DATASET Start Marker

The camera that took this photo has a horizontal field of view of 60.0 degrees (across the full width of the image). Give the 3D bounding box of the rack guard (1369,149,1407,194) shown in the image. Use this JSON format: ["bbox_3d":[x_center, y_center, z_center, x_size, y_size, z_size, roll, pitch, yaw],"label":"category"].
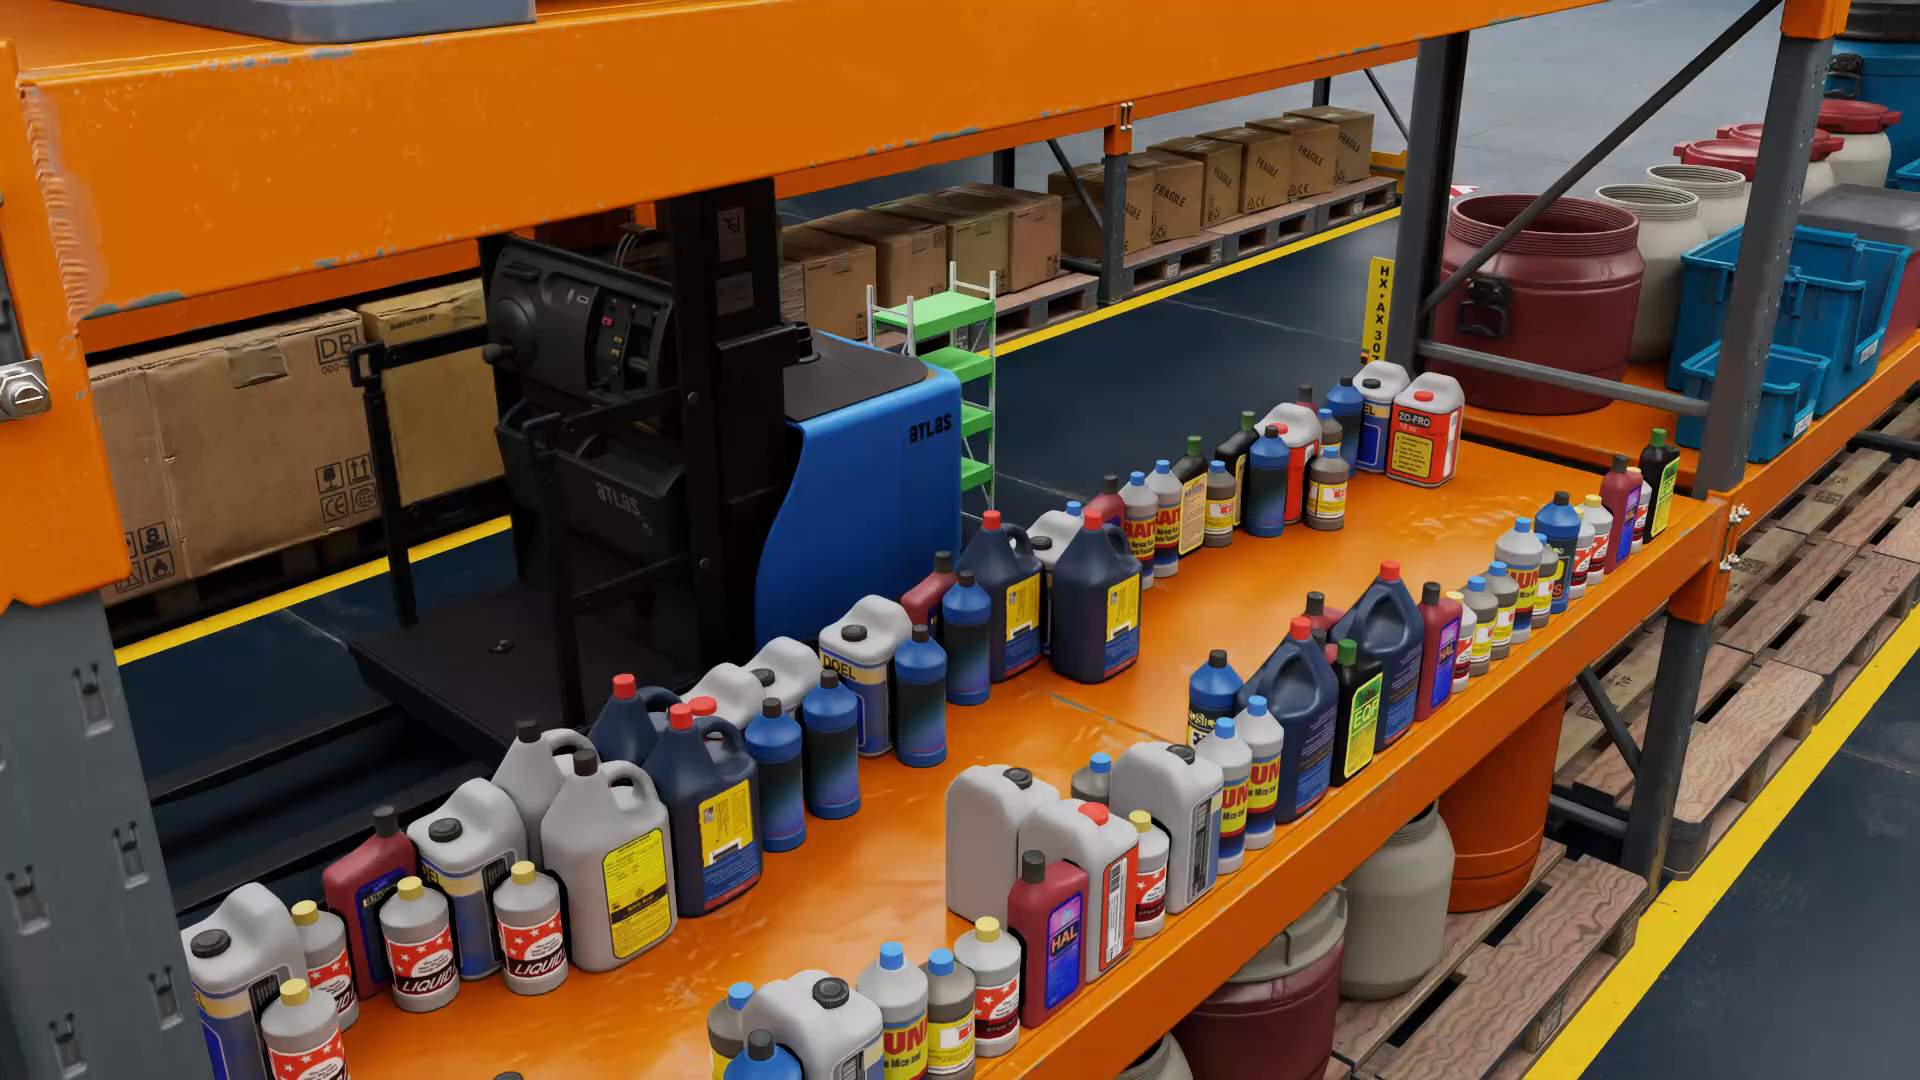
[{"bbox_3d":[3.244,-3.062,13.469,1.175,0.500,0.348,20,31,38],"label":"rack guard"}]

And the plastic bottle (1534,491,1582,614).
[{"bbox_3d":[1.317,0.022,3.692,0.097,0.271,0.097,0,24,0],"label":"plastic bottle"}]

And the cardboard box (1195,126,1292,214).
[{"bbox_3d":[2.060,-2.714,12.179,0.500,0.500,0.500,-21,31,-38],"label":"cardboard box"}]

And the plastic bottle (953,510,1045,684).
[{"bbox_3d":[0.079,0.100,3.421,0.144,0.351,0.185,20,31,38],"label":"plastic bottle"}]

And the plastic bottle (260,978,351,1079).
[{"bbox_3d":[-0.898,0.693,2.281,0.097,0.201,0.097,0,24,0],"label":"plastic bottle"}]

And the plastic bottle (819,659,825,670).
[{"bbox_3d":[-0.276,0.316,3.122,0.097,0.201,0.097,0,24,0],"label":"plastic bottle"}]

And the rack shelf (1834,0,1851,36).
[{"bbox_3d":[2.979,-2.086,5.449,1.077,0.370,4.000,20,31,38],"label":"rack shelf"}]

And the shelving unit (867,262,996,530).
[{"bbox_3d":[-0.110,-0.497,6.892,0.258,1.200,0.503,20,31,38],"label":"shelving unit"}]

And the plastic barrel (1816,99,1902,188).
[{"bbox_3d":[3.512,-1.485,6.730,0.433,0.535,0.433,0,24,0],"label":"plastic barrel"}]

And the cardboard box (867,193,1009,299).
[{"bbox_3d":[-0.133,-1.746,9.996,0.700,0.500,0.500,20,31,37],"label":"cardboard box"}]

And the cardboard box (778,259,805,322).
[{"bbox_3d":[-1.251,-1.231,8.846,0.700,0.500,0.500,17,29,33],"label":"cardboard box"}]

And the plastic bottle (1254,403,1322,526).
[{"bbox_3d":[0.806,-0.195,4.170,0.152,0.276,0.135,20,31,38],"label":"plastic bottle"}]

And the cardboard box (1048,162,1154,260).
[{"bbox_3d":[0.922,-2.169,10.964,0.500,0.500,0.500,19,30,36],"label":"cardboard box"}]

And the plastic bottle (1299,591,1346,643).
[{"bbox_3d":[0.698,0.222,3.231,0.061,0.283,0.133,20,31,38],"label":"plastic bottle"}]

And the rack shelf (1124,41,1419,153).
[{"bbox_3d":[1.960,-3.288,11.797,1.077,0.370,4.000,20,31,38],"label":"rack shelf"}]

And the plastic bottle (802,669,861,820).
[{"bbox_3d":[-0.228,0.355,2.949,0.097,0.271,0.097,0,24,0],"label":"plastic bottle"}]

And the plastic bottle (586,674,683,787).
[{"bbox_3d":[-0.532,0.379,2.798,0.144,0.351,0.185,20,31,38],"label":"plastic bottle"}]

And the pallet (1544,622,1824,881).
[{"bbox_3d":[2.190,0.611,5.630,1.003,0.211,1.213,20,31,38],"label":"pallet"}]

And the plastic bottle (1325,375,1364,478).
[{"bbox_3d":[1.017,-0.306,4.424,0.097,0.271,0.097,0,24,0],"label":"plastic bottle"}]

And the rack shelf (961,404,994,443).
[{"bbox_3d":[-0.110,-0.439,6.918,0.258,0.148,0.480,20,31,38],"label":"rack shelf"}]

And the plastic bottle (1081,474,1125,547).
[{"bbox_3d":[0.309,0.000,3.726,0.061,0.283,0.133,20,31,38],"label":"plastic bottle"}]

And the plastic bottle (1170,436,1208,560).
[{"bbox_3d":[0.528,-0.100,3.949,0.061,0.283,0.133,20,31,38],"label":"plastic bottle"}]

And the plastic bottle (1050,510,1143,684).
[{"bbox_3d":[0.282,0.100,3.420,0.144,0.351,0.185,20,31,38],"label":"plastic bottle"}]

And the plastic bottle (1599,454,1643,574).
[{"bbox_3d":[1.538,-0.073,3.889,0.061,0.283,0.133,20,31,38],"label":"plastic bottle"}]

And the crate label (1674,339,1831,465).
[{"bbox_3d":[2.204,-0.386,4.649,0.303,0.233,0.416,20,31,38],"label":"crate label"}]

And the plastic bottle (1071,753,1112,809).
[{"bbox_3d":[0.234,0.455,2.812,0.097,0.201,0.097,0,24,0],"label":"plastic bottle"}]

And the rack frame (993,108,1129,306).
[{"bbox_3d":[0.625,-3.007,10.291,1.000,3.000,0.127,20,31,38],"label":"rack frame"}]

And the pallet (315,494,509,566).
[{"bbox_3d":[-2.627,-0.297,7.654,1.003,0.211,1.213,20,31,38],"label":"pallet"}]

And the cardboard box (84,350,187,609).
[{"bbox_3d":[-3.706,-0.265,6.258,1.225,0.875,0.875,19,30,36],"label":"cardboard box"}]

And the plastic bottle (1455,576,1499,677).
[{"bbox_3d":[1.057,0.173,3.442,0.097,0.201,0.097,0,24,0],"label":"plastic bottle"}]

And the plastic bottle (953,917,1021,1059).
[{"bbox_3d":[0.039,0.637,2.405,0.097,0.201,0.097,0,24,0],"label":"plastic bottle"}]

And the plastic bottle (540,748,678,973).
[{"bbox_3d":[-0.548,0.475,2.585,0.144,0.351,0.185,20,31,38],"label":"plastic bottle"}]

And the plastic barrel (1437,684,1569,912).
[{"bbox_3d":[1.330,0.516,4.572,0.600,0.830,0.708,20,31,38],"label":"plastic barrel"}]

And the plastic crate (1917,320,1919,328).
[{"bbox_3d":[3.362,-0.951,5.963,0.450,0.188,0.662,20,31,38],"label":"plastic crate"}]

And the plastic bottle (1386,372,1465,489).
[{"bbox_3d":[1.228,-0.295,4.392,0.152,0.276,0.135,20,31,38],"label":"plastic bottle"}]

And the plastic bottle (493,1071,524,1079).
[{"bbox_3d":[-0.522,0.774,1.918,0.144,0.351,0.185,20,31,38],"label":"plastic bottle"}]

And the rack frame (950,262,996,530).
[{"bbox_3d":[0.052,-0.571,7.058,0.240,1.200,0.015,20,31,38],"label":"rack frame"}]

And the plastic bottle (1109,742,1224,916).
[{"bbox_3d":[0.340,0.449,2.733,0.152,0.276,0.135,20,31,38],"label":"plastic bottle"}]

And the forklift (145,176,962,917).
[{"bbox_3d":[-1.359,-0.659,5.137,1.130,2.935,3.031,21,32,39],"label":"forklift"}]

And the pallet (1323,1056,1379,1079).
[{"bbox_3d":[0.335,1.458,3.741,1.003,0.211,1.213,20,31,38],"label":"pallet"}]

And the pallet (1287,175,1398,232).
[{"bbox_3d":[2.676,-2.693,12.997,1.003,0.211,1.213,20,31,38],"label":"pallet"}]

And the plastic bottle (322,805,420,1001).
[{"bbox_3d":[-0.883,0.544,2.512,0.061,0.283,0.133,20,31,38],"label":"plastic bottle"}]

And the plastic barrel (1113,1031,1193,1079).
[{"bbox_3d":[0.266,1.202,3.431,0.421,0.512,0.421,0,24,0],"label":"plastic barrel"}]

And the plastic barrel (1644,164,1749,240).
[{"bbox_3d":[2.453,-0.987,5.649,0.421,0.512,0.421,0,24,0],"label":"plastic barrel"}]

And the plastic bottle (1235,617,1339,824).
[{"bbox_3d":[0.579,0.308,2.956,0.144,0.351,0.185,20,31,38],"label":"plastic bottle"}]

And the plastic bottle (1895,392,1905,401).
[{"bbox_3d":[4.636,-0.883,8.252,0.144,0.351,0.185,20,31,38],"label":"plastic bottle"}]

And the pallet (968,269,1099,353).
[{"bbox_3d":[0.107,-1.497,10.332,1.003,0.211,1.213,20,31,38],"label":"pallet"}]

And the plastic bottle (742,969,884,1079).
[{"bbox_3d":[-0.189,0.691,2.195,0.152,0.276,0.135,20,31,38],"label":"plastic bottle"}]

DATASET End Marker

EXERCISE DIRECTIONS: A word-for-word restatement of the lines running from the one with "And the plastic bottle (1895,392,1905,401)." to the last line of the records is the whole answer.

OUTPUT FOR THIS EXERCISE:
And the plastic bottle (1895,392,1905,401).
[{"bbox_3d":[4.636,-0.883,8.252,0.144,0.351,0.185,20,31,38],"label":"plastic bottle"}]

And the pallet (968,269,1099,353).
[{"bbox_3d":[0.107,-1.497,10.332,1.003,0.211,1.213,20,31,38],"label":"pallet"}]

And the plastic bottle (742,969,884,1079).
[{"bbox_3d":[-0.189,0.691,2.195,0.152,0.276,0.135,20,31,38],"label":"plastic bottle"}]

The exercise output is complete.